Nous sortons d'un certain nombre d'impostures, et c'est tant mieux. L'expression " communauté internationale " a vécu et on ne pourra plus, hors de France, poser sur un pied d'égalité un criminel et un homme démocratiquement élu. On ne pourra plus aussi facilement proposer avec désinvolture de sacrifier des populations civiles à la " raison d'État ". L'expression même " droit international " ne pourra plus servir d'écran sordide derrière lequel on pourra violer le droit naturel des êtres humains.
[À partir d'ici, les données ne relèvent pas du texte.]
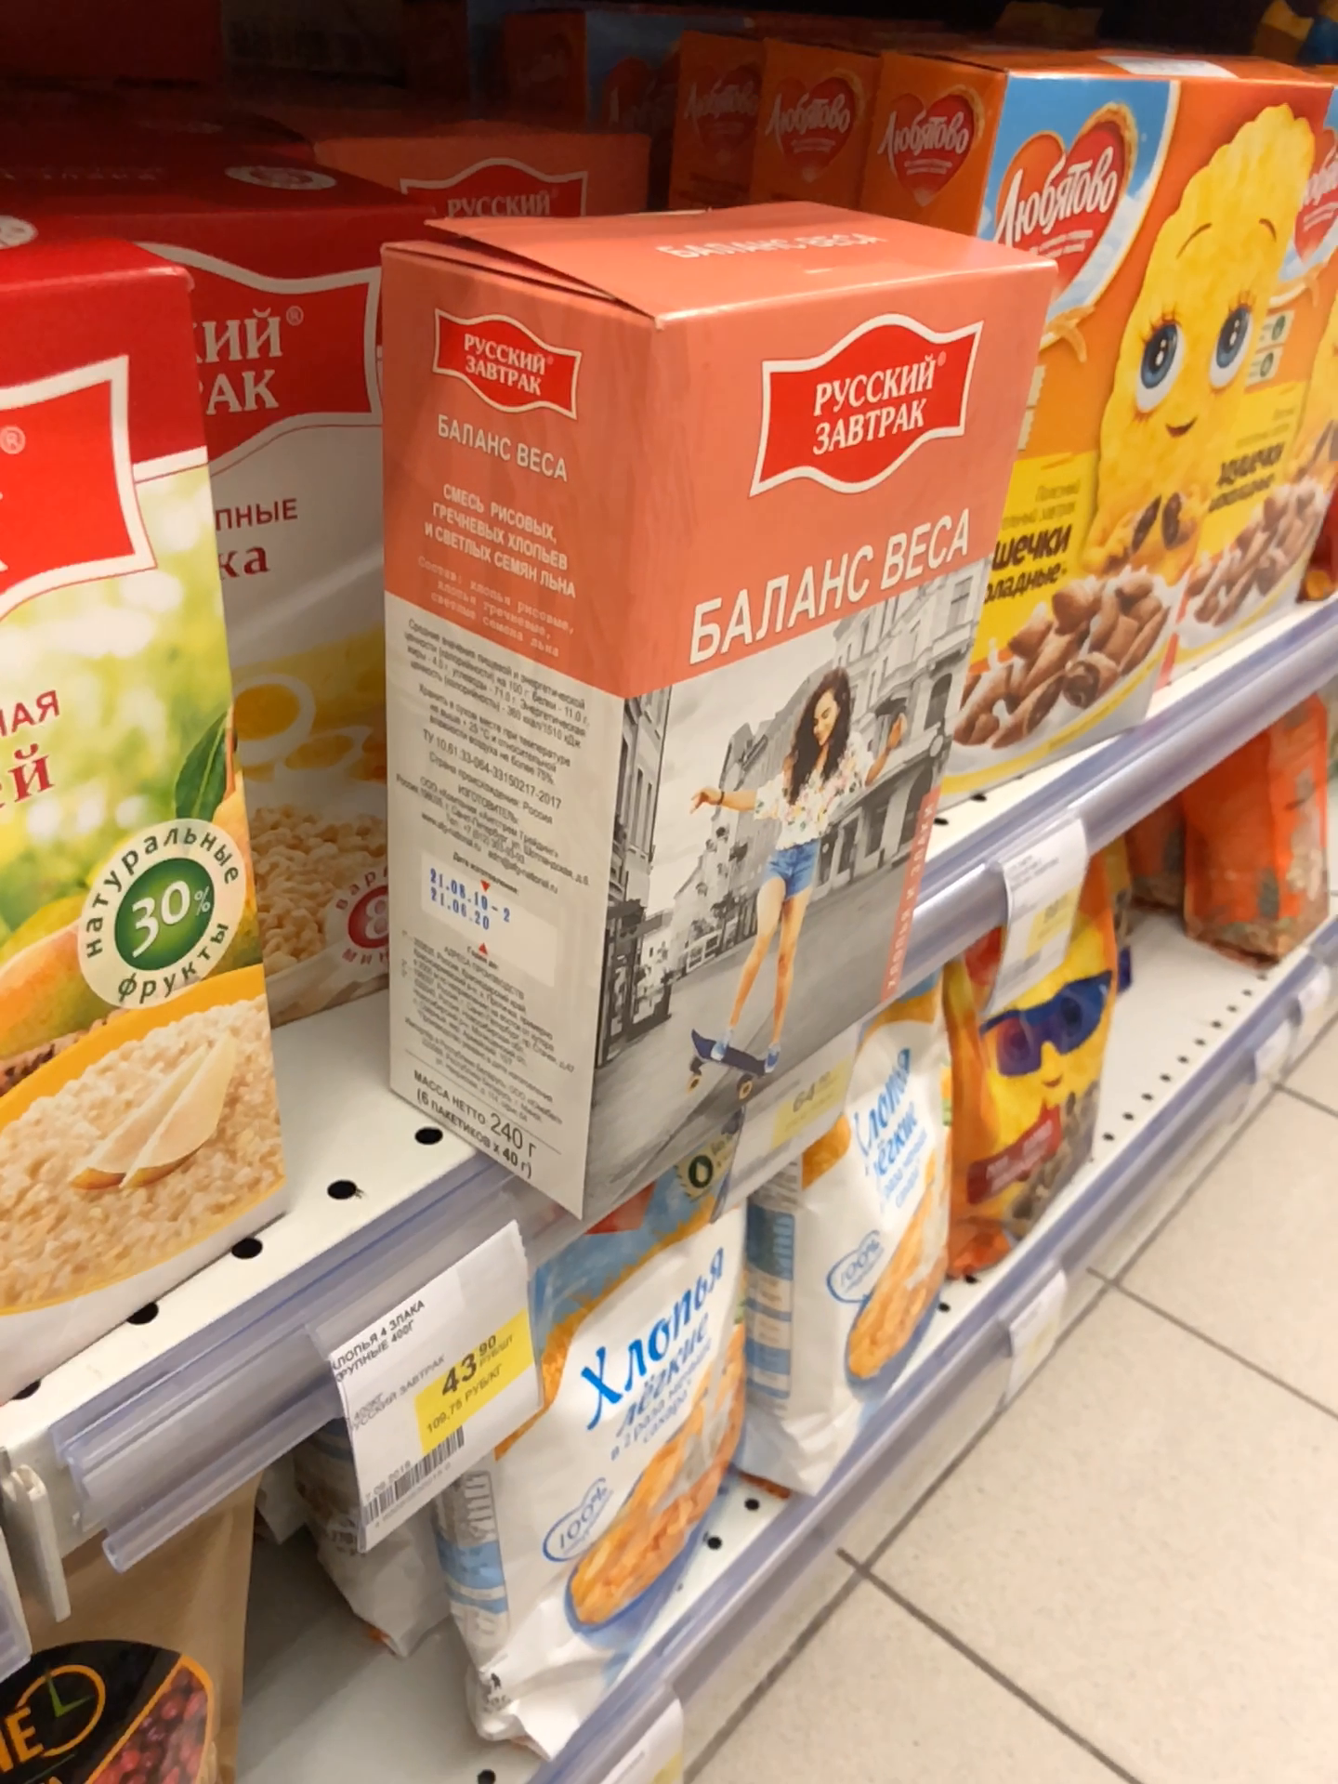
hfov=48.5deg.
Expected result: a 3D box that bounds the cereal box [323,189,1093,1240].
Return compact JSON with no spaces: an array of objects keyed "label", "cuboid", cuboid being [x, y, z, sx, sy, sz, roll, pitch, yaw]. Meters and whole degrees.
[{"label":"cereal box","cuboid":[0.007,-0.045,0.319,0.070,0.179,0.141,27,38,30]}]
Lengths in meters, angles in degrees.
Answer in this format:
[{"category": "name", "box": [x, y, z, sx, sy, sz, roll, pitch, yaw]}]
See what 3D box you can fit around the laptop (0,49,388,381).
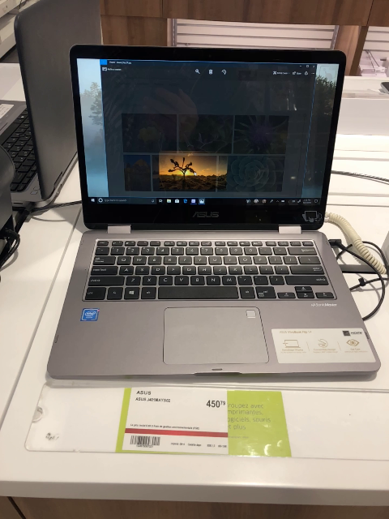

Nous risquons de voir naître une flambée de terrorisme et d'islamisme disent quelques-uns. Peut-être ont-ils raison dans le court terme, mais c'est loin d'être sûr. Dans le moyen et le long terme, on peut penser au contraire que la lutte contre le terrorisme va franchir des pas décisifs et que l'islamisme va retomber. Bientôt plus rien ne permettra aux islamistes de croire encore en la pusillanimité de l'Occident tout entier et à leur capacité de vaincre celui-ci. La victoire changera tout. La victoire était nécessaire. Il faudra, pour que la victoire soit complète, qu'après Saddam Hussein d'autres dictateurs tombent. Il faudra que des réformes se passent. Il faudra qu'Israël puisse vivre en paix et que les populations du monde arabe puissent commencer à comprendre que leur seul espoir se situe dans le droit et dans le développement économique, pas dans le fanatisme. Il faudra que le fanatisme, partout où il lève la tête, soit abattu. C'est possible, cela doit se faire, cela se fera. Quand les esprits cesseront d'être échauffés, il deviendra possible de s'intéresser à la doctrine Bush autrement qu'en la caricaturant de manière grotesque. Elle est le fruit d'hommes et de femmes idéalistes, généreux, lucides et qui ont compris qu'à défaut d'être audacieux, l'Occident connaîtrait une mort prochaine. Ils pensaient que l'Europe était incapable de relever le défi posé par les dangers qui nous font face. Ils ne se trompaient pas, en particulier, concernant la France.